No one said this isn't a good scheme for Apple. I'm simply saying that pushing to bring those profits back into the U.S. at some lower tax rate is UNETHICAL. As long as they keep overseas money overseas, that's their business. But the reason that this was noticed in the first place by Congress is that they are lobbying hard to get that money back here at 7% instead of 35%. I can lobby Congress all day long to lower my tax rate to 7%, but it isn't going to happen. Corporations have already gotten that break once before and like amnesty for immigrants, it only encourages them to keep doing what they're doing.

If Apple wants their money over here, they can pay their taxes over here.
 

BaldiMac

macrumors G3
Jan 24, 2008
8,801
10,944
You keep saying I don't understand it, but I see nothing in your replies that indicates you understand it at all as I'll show below. Your comparisons aren't valid. Your tax avoidance scheme doesn't work for obvious reasons, but you keep telling me I don't understand but avoid all the arguments or change the answer to be something that doesn't deal with my original scenario at all.



Dividend is just a word and here it just means profit. Calling a profit a dividend doesn't change the meaning implied in usage. Whether you call it paying a profit to Apple, a dividend to Apple or repatrioting the money to Apple in the U.S., it all means the same thing to the accountant. The profits made offshore are moved back to the U.S. and that means they are then taxed as income to the company.

As I said before and you ignored, there is a fundamental difference between Apple and me when it comes to offshore money. The difference is their subsidiaries aren't holding onto stock. They make PROFITS (you know by selling things or by collecting license fees from patents; they don't get paid in STOCK; they get paid in MONEY) which they KEEP over there instead of transferring it to the U.S. They can use that money overseas anyway they like. They can buy new televisions for Apple Ireland. They can pay companies in China to make new iPads if they so desire. They can do anything with it so long as it doesn't come back to the U.S.

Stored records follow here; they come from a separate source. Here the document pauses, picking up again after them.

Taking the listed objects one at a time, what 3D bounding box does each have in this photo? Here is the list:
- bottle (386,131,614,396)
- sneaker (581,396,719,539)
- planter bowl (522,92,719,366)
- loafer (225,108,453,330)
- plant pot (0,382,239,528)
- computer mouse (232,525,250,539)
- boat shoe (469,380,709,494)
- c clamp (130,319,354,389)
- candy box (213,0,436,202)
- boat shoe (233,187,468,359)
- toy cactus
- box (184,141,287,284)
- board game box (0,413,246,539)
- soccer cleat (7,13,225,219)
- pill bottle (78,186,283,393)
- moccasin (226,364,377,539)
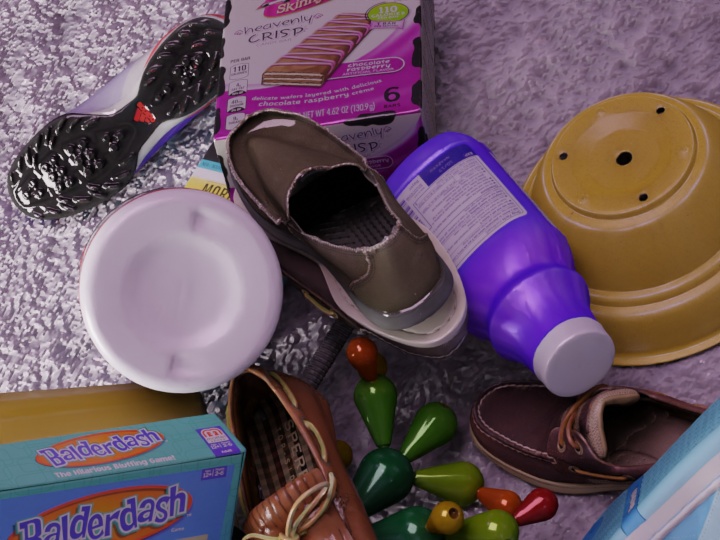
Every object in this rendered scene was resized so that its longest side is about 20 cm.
[{"bbox_3d":[0.084,-0.002,1.520,0.084,0.065,0.200,-44,44,6],"label":"bottle"},{"bbox_3d":[0.198,0.166,1.402,0.200,0.130,0.080,-48,4,27],"label":"sneaker"},{"bbox_3d":[0.172,-0.048,1.568,0.199,0.084,0.201,-12,51,15],"label":"planter bowl"},{"bbox_3d":[-0.017,-0.046,1.483,0.075,0.070,0.200,-38,47,-12],"label":"loafer"},{"bbox_3d":[-0.172,0.152,1.511,0.188,0.201,0.201,-14,49,-8],"label":"plant pot"},{"bbox_3d":[-0.058,0.240,1.433,0.059,0.034,0.201,-18,80,60],"label":"computer mouse"},{"bbox_3d":[0.148,0.092,1.480,0.199,0.072,0.072,16,62,32],"label":"boat shoe"},{"bbox_3d":[-0.041,0.040,1.600,0.171,0.027,0.200,37,82,8],"label":"c clamp"},{"bbox_3d":[-0.021,-0.133,1.661,0.135,0.061,0.201,-8,39,7],"label":"candy box"},{"bbox_3d":[0.000,0.000,1.527,0.072,0.060,0.200,-42,48,-15],"label":"boat shoe"},{"bbox_3d":[0.002,0.132,1.490,0.200,0.103,0.165,33,65,30],"label":"toy cactus"},{"bbox_3d":[-0.074,-0.039,1.693,0.082,0.049,0.201,14,62,31],"label":"box"},{"bbox_3d":[-0.149,0.183,1.397,0.151,0.201,0.045,-6,31,-29],"label":"board game box"},{"bbox_3d":[-0.161,-0.107,1.782,0.200,0.068,0.073,-39,5,10],"label":"soccer cleat"},{"bbox_3d":[-0.109,0.008,1.491,0.114,0.114,0.200,-35,5,-4],"label":"pill bottle"},{"bbox_3d":[-0.033,0.136,1.408,0.073,0.078,0.202,-29,51,22],"label":"moccasin"}]
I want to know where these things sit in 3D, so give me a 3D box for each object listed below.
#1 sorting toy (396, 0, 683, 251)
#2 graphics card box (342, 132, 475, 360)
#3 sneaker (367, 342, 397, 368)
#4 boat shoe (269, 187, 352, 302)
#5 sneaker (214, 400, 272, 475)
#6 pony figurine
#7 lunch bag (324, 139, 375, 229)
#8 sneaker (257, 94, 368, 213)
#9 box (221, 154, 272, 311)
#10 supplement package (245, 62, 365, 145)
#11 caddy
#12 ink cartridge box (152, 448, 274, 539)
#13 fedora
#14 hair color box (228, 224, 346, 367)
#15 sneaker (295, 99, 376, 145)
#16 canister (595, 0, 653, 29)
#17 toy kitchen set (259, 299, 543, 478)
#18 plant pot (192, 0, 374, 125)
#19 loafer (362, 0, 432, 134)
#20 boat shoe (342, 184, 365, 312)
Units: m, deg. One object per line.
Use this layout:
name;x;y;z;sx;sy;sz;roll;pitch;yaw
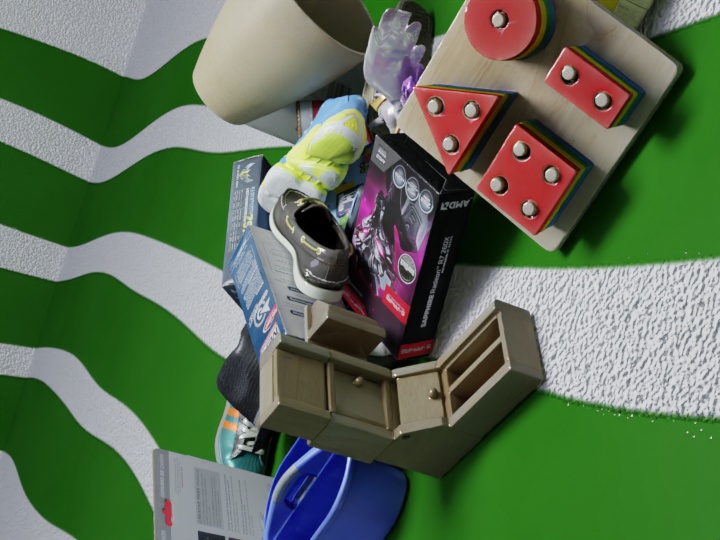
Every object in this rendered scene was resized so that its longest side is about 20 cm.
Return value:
sorting toy;0.141;-0.151;1.045;0.198;0.069;0.201;41;118;17
graphics card box;0.045;-0.025;1.224;0.126;0.050;0.202;48;134;43
sneaker;-0.007;0.144;1.320;0.200;0.076;0.083;-45;61;46
boat shoe;-0.050;-0.043;1.305;0.202;0.071;0.061;-117;42;-54
sneaker;-0.140;0.187;1.543;0.080;0.070;0.202;-50;30;47
pony figurine;0.074;-0.174;1.286;0.194;0.164;0.202;-60;40;40
lunch bag;-0.016;-0.058;1.466;0.199;0.093;0.152;-34;42;35
sneaker;-0.048;-0.141;1.438;0.199;0.075;0.106;-34;25;45
box;-0.120;-0.025;1.559;0.050;0.158;0.202;-13;52;19
supplement package;-0.067;-0.259;1.654;0.199;0.120;0.122;-14;60;62
caddy;-0.039;0.234;1.247;0.201;0.104;0.142;-57;26;28
ink cartridge box;-0.179;0.325;1.398;0.084;0.174;0.201;-56;27;29
fedora;-0.118;0.121;1.435;0.203;0.091;0.201;-63;-2;-4
hair color box;-0.072;0.040;1.280;0.061;0.099;0.201;-59;31;24
sneaker;-0.025;-0.155;1.569;0.201;0.111;0.072;88;174;-61
canister;0.206;-0.250;1.106;0.202;0.086;0.149;-63;26;22
toy kitchen set;0.029;0.060;1.113;0.181;0.198;0.165;-50;32;38
plant pot;-0.112;-0.279;1.470;0.199;0.186;0.189;-38;37;27
loafer;0.043;-0.242;1.472;0.068;0.075;0.202;-37;32;53
boat shoe;0.000;0.000;1.360;0.068;0.084;0.202;29;101;38
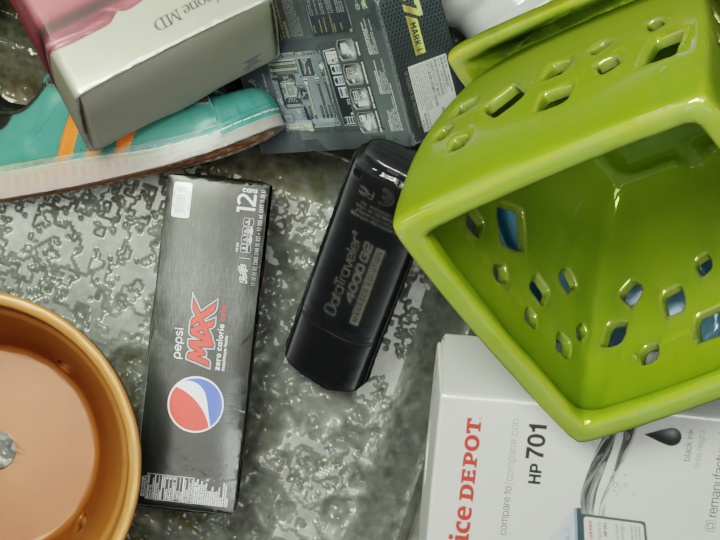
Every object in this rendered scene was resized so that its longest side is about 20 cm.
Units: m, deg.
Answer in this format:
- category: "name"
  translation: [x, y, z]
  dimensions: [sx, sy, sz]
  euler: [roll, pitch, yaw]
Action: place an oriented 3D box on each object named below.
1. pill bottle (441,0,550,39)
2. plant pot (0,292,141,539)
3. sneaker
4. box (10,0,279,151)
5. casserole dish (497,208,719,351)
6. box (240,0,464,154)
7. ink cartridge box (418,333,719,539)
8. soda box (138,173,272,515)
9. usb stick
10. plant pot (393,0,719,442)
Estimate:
- category: "pill bottle"
  translation: [0.058, -0.217, 1.692]
  dimensions: [0.116, 0.116, 0.200]
  euler: [-35, 91, 0]
- category: "plant pot"
  translation: [-0.223, 0.111, 1.683]
  dimensions: [0.200, 0.140, 0.200]
  euler: [0, 90, 0]
- category: "sneaker"
  translation: [-0.145, -0.094, 1.700]
  dimensions: [0.200, 0.071, 0.080]
  euler: [-10, 90, 16]
- category: "box"
  translation: [-0.147, -0.192, 1.630]
  dimensions: [0.128, 0.109, 0.200]
  euler: [-28, 77, -7]
- category: "casserole dish"
  translation: [0.155, -0.008, 1.731]
  dimensions: [0.121, 0.039, 0.200]
  euler: [-28, 89, 1]
- category: "box"
  translation: [-0.023, -0.169, 1.658]
  dimensions: [0.051, 0.158, 0.200]
  euler: [-22, 102, -35]
- category: "ink cartridge box"
  translation: [0.139, 0.125, 1.687]
  dimensions: [0.200, 0.086, 0.147]
  euler: [4, 115, -1]
- category: "soda box"
  translation: [-0.094, 0.043, 1.715]
  dimensions: [0.063, 0.071, 0.200]
  euler: [7, 91, -1]
- category: "usb stick"
  translation: [0.000, 0.000, 1.671]
  dimensions: [0.055, 0.200, 0.033]
  euler: [27, 48, 6]
- category: "plant pot"
  translation: [0.157, -0.053, 1.570]
  dimensions: [0.199, 0.182, 0.200]
  euler: [-22, 126, 27]
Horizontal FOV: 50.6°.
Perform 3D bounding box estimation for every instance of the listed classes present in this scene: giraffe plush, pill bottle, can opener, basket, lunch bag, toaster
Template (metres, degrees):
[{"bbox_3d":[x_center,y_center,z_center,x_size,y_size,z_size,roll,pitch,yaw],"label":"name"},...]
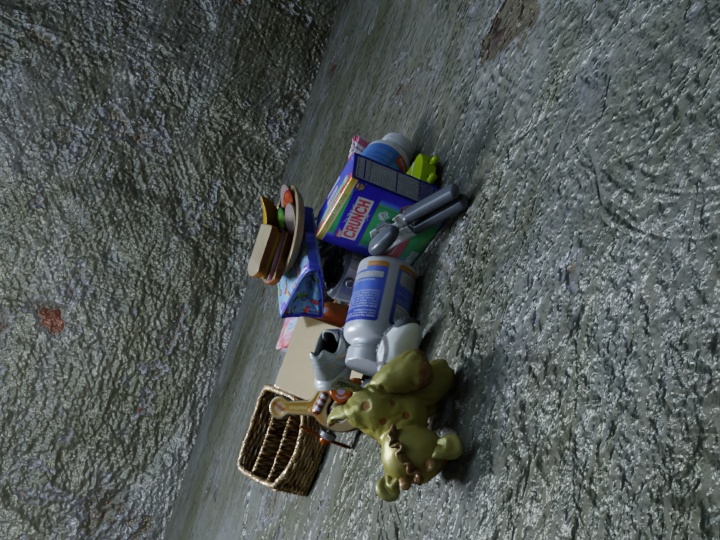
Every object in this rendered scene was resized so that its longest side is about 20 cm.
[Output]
[{"bbox_3d":[0.066,0.221,1.050,0.173,0.200,0.162,-57,48,28],"label":"giraffe plush"},{"bbox_3d":[0.040,-0.215,1.664,0.200,0.112,0.112,-55,4,-37],"label":"pill bottle"},{"bbox_3d":[0.032,0.084,1.378,0.112,0.112,0.200,138,149,-60],"label":"pill bottle"},{"bbox_3d":[0.097,-0.080,1.345,0.200,0.053,0.067,-28,31,34],"label":"can opener"},{"bbox_3d":[-0.160,0.361,1.615,0.200,0.149,0.143,-70,15,-5],"label":"basket"},{"bbox_3d":[-0.114,-0.019,1.523,0.200,0.094,0.151,105,161,-55],"label":"lunch bag"},{"bbox_3d":[0.000,0.000,1.561,0.114,0.129,0.200,-64,16,17],"label":"toaster"}]

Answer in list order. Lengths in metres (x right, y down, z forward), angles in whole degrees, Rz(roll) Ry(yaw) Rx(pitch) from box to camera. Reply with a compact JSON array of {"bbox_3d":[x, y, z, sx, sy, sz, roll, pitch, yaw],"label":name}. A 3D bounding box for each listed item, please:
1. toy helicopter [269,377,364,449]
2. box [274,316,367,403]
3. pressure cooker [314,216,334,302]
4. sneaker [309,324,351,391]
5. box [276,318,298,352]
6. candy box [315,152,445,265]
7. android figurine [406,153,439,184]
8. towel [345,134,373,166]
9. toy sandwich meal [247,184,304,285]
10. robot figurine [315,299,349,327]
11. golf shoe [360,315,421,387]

The difference between what they do and what I can do by, as your example states, buy stock that may go up in value but doesn't collect any taxes until I cash them in is simple. Apple isn't getting paid from selling iPads in Ireland or Europe in general with stock! They're getting CASH. They have to pay taxes on that cash in the country they're based in, sure. A smart company picks a location that is generally more favorable than where they're at if they're hoping to avoid paying high taxes. But that money is free to use in Ireland. They can pay their electric bill with it, for example (or do you think Apple sends them a check every month?) I can't pay anything with my money held in Ireland until I cash out the stock at which point I have to pay taxes in the U.S. So why wouldn't I buy my stock in the U.S. in the first place since I don't pay taxes on it until I cash it in either? The taxes are deferred in both cases. Your argument makes no sense. Your example makes no sense. In short, you make no sense.

Nope. There is little difference in the context of this discussion between Apple owning all the stock in a foreign subsidiary and a person owning all the stock in a foreign subsidiary. In both cases, the owner of the stock is in control of the company and it's foreign profits.